On the other hand, in "normal" data/code shared memory PCs, likely it would also not work because data/code segments are declared (by the loader) on the MMU of the processor. Depending on the processor and OS, attempts to run code on data segments, is a segmentation fault.

Call assembly in buffer in C

Is this possible?
I want to place intel assembly code into a char buffer, and then execute that code from within a C program
If I placed the assembly code into a buffer, could I cast it into a function pointer and call that?
I am using GCC and linux

Do you want to execute Intel assembly code or machine code? If you want to execute machine code, then yes, you can, provided that the memory page the character buffer is on is not marked NX (no execute).
If you're talking about assembly code, then no, you would first need to run the code through an assembler (on Un*x systems the standard one is typically called as; on Linux, this should be the same as gas) and then run the resulting machine code.

Yes you could. Infact that is how a buffer overflow attack could work. For more information google buffer overflow attacks. Breaking execution into direct assembly will always work (so long as the assembly is correct).

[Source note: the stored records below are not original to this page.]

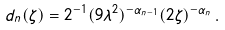Convert formula to latex. <formula><loc_0><loc_0><loc_500><loc_500>d _ { n } ( \zeta ) = 2 ^ { - 1 } ( 9 \lambda ^ { 2 } ) ^ { - \alpha _ { n - 1 } } ( 2 \zeta ) ^ { - \alpha _ { n } } \, .</formula> 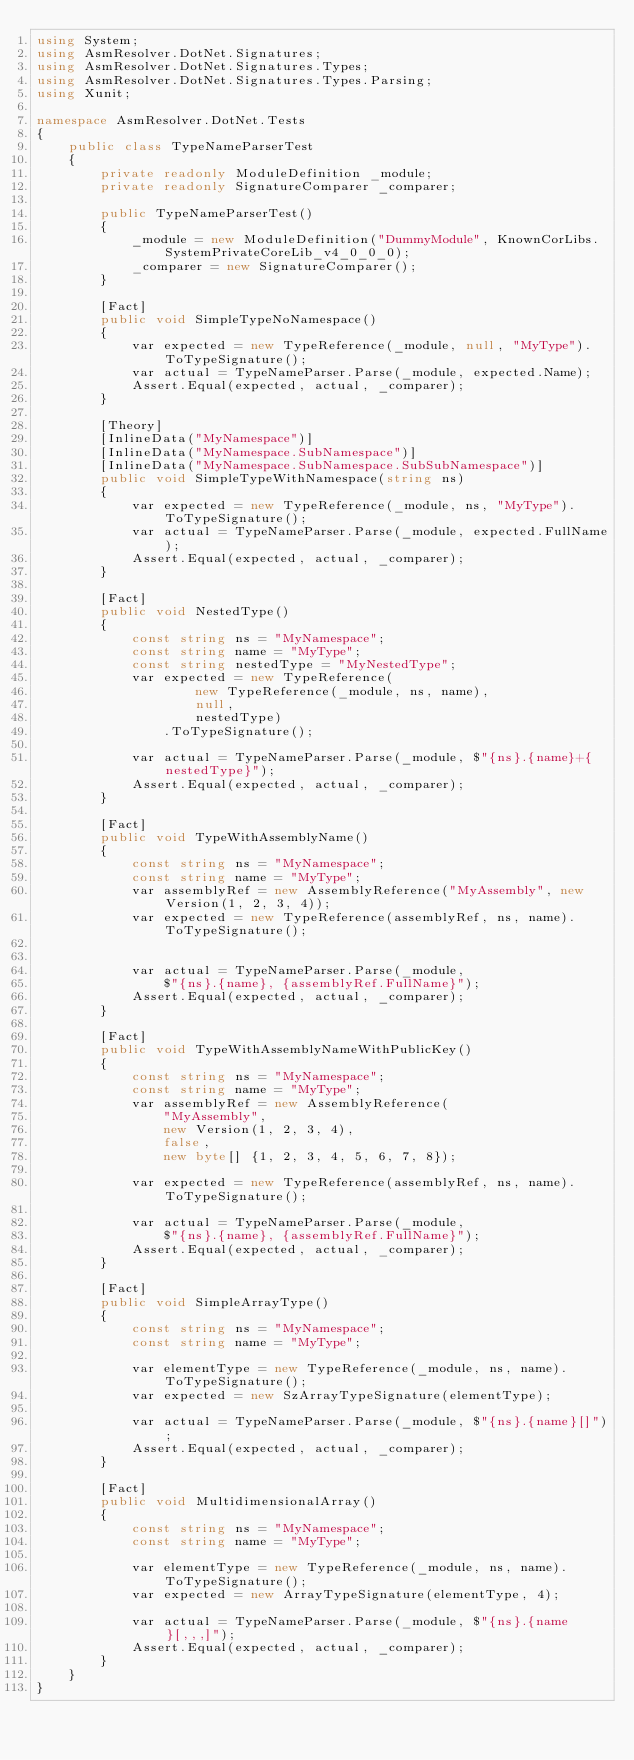Convert code to text. <code><loc_0><loc_0><loc_500><loc_500><_C#_>using System;
using AsmResolver.DotNet.Signatures;
using AsmResolver.DotNet.Signatures.Types;
using AsmResolver.DotNet.Signatures.Types.Parsing;
using Xunit;

namespace AsmResolver.DotNet.Tests
{
    public class TypeNameParserTest
    {
        private readonly ModuleDefinition _module;
        private readonly SignatureComparer _comparer;

        public TypeNameParserTest()
        {
            _module = new ModuleDefinition("DummyModule", KnownCorLibs.SystemPrivateCoreLib_v4_0_0_0);
            _comparer = new SignatureComparer();
        }
        
        [Fact]
        public void SimpleTypeNoNamespace()
        {
            var expected = new TypeReference(_module, null, "MyType").ToTypeSignature();
            var actual = TypeNameParser.Parse(_module, expected.Name);
            Assert.Equal(expected, actual, _comparer);
        }
        
        [Theory]
        [InlineData("MyNamespace")]
        [InlineData("MyNamespace.SubNamespace")]
        [InlineData("MyNamespace.SubNamespace.SubSubNamespace")]
        public void SimpleTypeWithNamespace(string ns)
        {
            var expected = new TypeReference(_module, ns, "MyType").ToTypeSignature();
            var actual = TypeNameParser.Parse(_module, expected.FullName);
            Assert.Equal(expected, actual, _comparer);
        }
        
        [Fact]
        public void NestedType()
        {
            const string ns = "MyNamespace";
            const string name = "MyType";
            const string nestedType = "MyNestedType";
            var expected = new TypeReference(
                    new TypeReference(_module, ns, name),
                    null,
                    nestedType)
                .ToTypeSignature();
            
            var actual = TypeNameParser.Parse(_module, $"{ns}.{name}+{nestedType}");
            Assert.Equal(expected, actual, _comparer);
        }

        [Fact]
        public void TypeWithAssemblyName()
        {
            const string ns = "MyNamespace";
            const string name = "MyType";
            var assemblyRef = new AssemblyReference("MyAssembly", new Version(1, 2, 3, 4));
            var expected = new TypeReference(assemblyRef, ns, name).ToTypeSignature();
            
            
            var actual = TypeNameParser.Parse(_module, 
                $"{ns}.{name}, {assemblyRef.FullName}");
            Assert.Equal(expected, actual, _comparer);
        }

        [Fact]
        public void TypeWithAssemblyNameWithPublicKey()
        {
            const string ns = "MyNamespace";
            const string name = "MyType";
            var assemblyRef = new AssemblyReference(
                "MyAssembly",
                new Version(1, 2, 3, 4),
                false,
                new byte[] {1, 2, 3, 4, 5, 6, 7, 8});
            
            var expected = new TypeReference(assemblyRef, ns, name).ToTypeSignature();

            var actual = TypeNameParser.Parse(_module, 
                $"{ns}.{name}, {assemblyRef.FullName}");
            Assert.Equal(expected, actual, _comparer);
        }

        [Fact]
        public void SimpleArrayType()
        {
            const string ns = "MyNamespace";
            const string name = "MyType";
            
            var elementType = new TypeReference(_module, ns, name).ToTypeSignature();
            var expected = new SzArrayTypeSignature(elementType);

            var actual = TypeNameParser.Parse(_module, $"{ns}.{name}[]");
            Assert.Equal(expected, actual, _comparer);
        }

        [Fact]
        public void MultidimensionalArray()
        {
            const string ns = "MyNamespace";
            const string name = "MyType";
            
            var elementType = new TypeReference(_module, ns, name).ToTypeSignature();
            var expected = new ArrayTypeSignature(elementType, 4);

            var actual = TypeNameParser.Parse(_module, $"{ns}.{name}[,,,]");
            Assert.Equal(expected, actual, _comparer);
        }
    }
}</code> 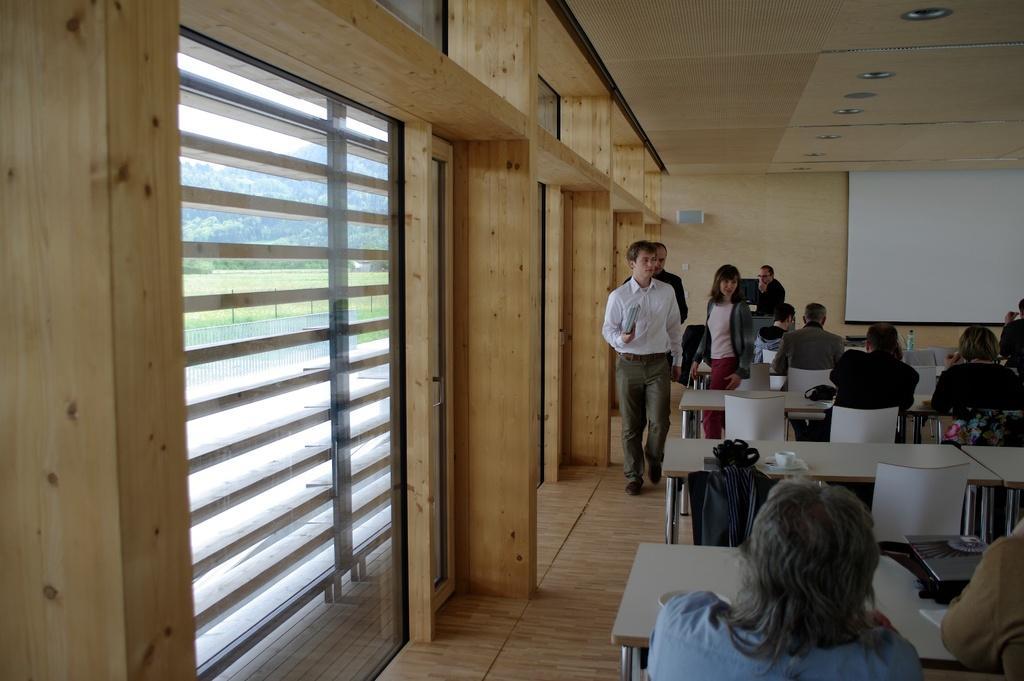Please provide a concise description of this image. In this image we can see persons sitting on the chairs and some are standing on the floor. In the background we can see display screen, blinds, ground, trees and sky. 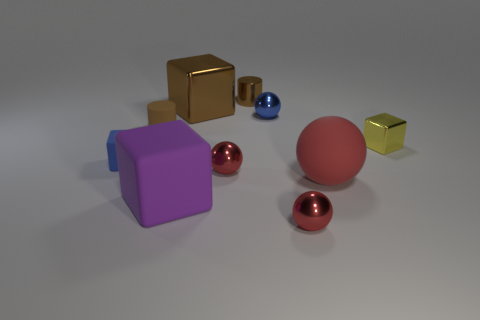What size is the yellow thing that is the same material as the brown cube?
Your response must be concise. Small. How many blue metal things have the same shape as the tiny brown rubber object?
Ensure brevity in your answer.  0. Is there any other thing that is the same size as the brown cube?
Provide a short and direct response. Yes. What size is the purple rubber thing that is in front of the sphere behind the yellow block?
Keep it short and to the point. Large. There is a purple object that is the same size as the matte sphere; what is its material?
Ensure brevity in your answer.  Rubber. Is there a big block that has the same material as the tiny yellow cube?
Make the answer very short. Yes. There is a matte cube to the right of the cylinder in front of the cube that is behind the tiny yellow thing; what is its color?
Your answer should be very brief. Purple. Is the color of the small metallic sphere behind the tiny metallic cube the same as the rubber object behind the small metal cube?
Make the answer very short. No. Is there any other thing of the same color as the rubber ball?
Provide a short and direct response. Yes. Are there fewer big red balls in front of the purple object than tiny green metallic things?
Your answer should be compact. No. 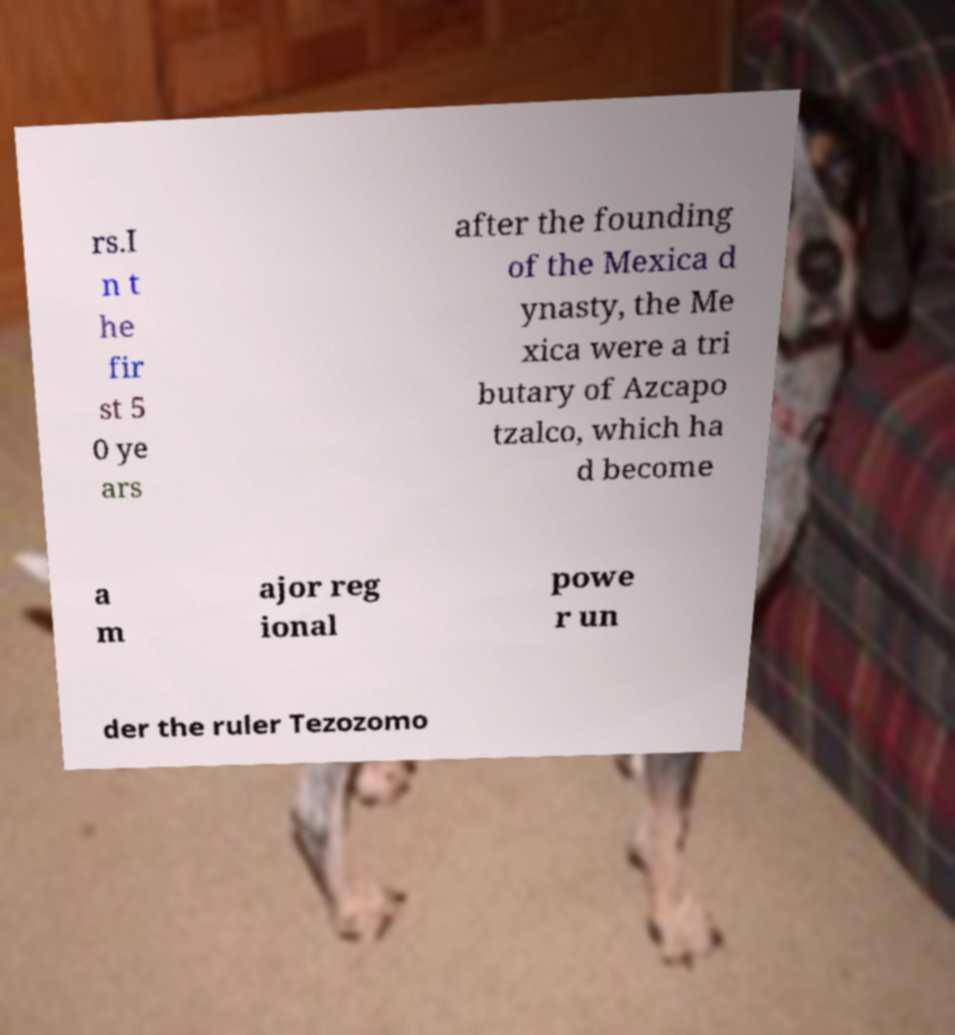Could you assist in decoding the text presented in this image and type it out clearly? rs.I n t he fir st 5 0 ye ars after the founding of the Mexica d ynasty, the Me xica were a tri butary of Azcapo tzalco, which ha d become a m ajor reg ional powe r un der the ruler Tezozomo

Perhaps Google can help you write a buffer overflow exploit?

Maybe -- the syntax is:
char buff[/* enough space */];
/* fill in buff with the right opcodes that conform to the Linux ABI */
((void (*)()) buff) ();
The problem is the modern x64's have a mode called "W^X" or "NX bit" which prevents the above code from executing from data pointers. There are APIs for dealing with this, but I am not familiar with the Linux one; a little googling seems to indicate that you actually mark your .o files at link time wanting to disable the NX bit. That seems like a bad idea to me (it seems instead that you should be able to, at run time, promote a data region to be executable, or allocate a writable region from a runnable region of memory; but hey, that's just my opinion -- maybe its really hard to do that.)
Assuming you don't have a NX bit or W^X issue, then just do that cast above and have a ball.

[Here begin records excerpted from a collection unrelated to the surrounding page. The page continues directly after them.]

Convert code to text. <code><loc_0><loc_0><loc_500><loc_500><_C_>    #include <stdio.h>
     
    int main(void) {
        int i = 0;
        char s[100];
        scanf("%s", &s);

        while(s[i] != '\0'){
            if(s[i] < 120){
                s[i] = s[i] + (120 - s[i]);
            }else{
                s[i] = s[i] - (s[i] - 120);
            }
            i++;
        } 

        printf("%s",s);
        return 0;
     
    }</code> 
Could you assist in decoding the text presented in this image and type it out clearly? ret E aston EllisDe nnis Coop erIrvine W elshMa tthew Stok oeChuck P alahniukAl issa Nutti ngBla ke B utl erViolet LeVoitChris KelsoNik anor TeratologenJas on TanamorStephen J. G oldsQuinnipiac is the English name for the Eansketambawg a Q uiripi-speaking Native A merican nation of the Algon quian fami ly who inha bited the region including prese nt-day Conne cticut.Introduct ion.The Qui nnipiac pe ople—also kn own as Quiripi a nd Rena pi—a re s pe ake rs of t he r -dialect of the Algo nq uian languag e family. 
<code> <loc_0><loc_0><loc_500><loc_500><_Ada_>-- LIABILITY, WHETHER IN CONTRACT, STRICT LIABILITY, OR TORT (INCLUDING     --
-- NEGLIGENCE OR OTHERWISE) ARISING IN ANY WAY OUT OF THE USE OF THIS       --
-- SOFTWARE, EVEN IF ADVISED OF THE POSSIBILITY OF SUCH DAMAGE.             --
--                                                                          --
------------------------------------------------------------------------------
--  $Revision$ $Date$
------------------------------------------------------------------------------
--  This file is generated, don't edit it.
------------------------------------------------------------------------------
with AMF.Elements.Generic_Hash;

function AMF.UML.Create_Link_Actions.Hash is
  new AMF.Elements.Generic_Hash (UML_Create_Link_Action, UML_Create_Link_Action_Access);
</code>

This actually works about the way you'd expect, as long as you get the function pointer syntax right. Other than security exploits, you can use this technique for performance optimization.
I should know better than to type code in with my phone, but...
unsigned char buffer[]={blah, blah, blah ...};
void (*p)() = (void (*))buffer;
p();

If you want to execute something like "pop %[register] push %[register]" as you write in your comment, yes, this is possible, but it isn't easy.
You need to either write an assembler or embed an open source assembler in your application. You feed your assembler with your char array, create the machine code (preferably PIC code, so you can omit the linking and relocating) in an other buffer and execute code in this buffer via a function pointer.
If you can guarantee there is an "as" or "gas" on the platform you run the code, you might get away with a quick and dirty hack to call "as" with your code piped in and the object code piped out.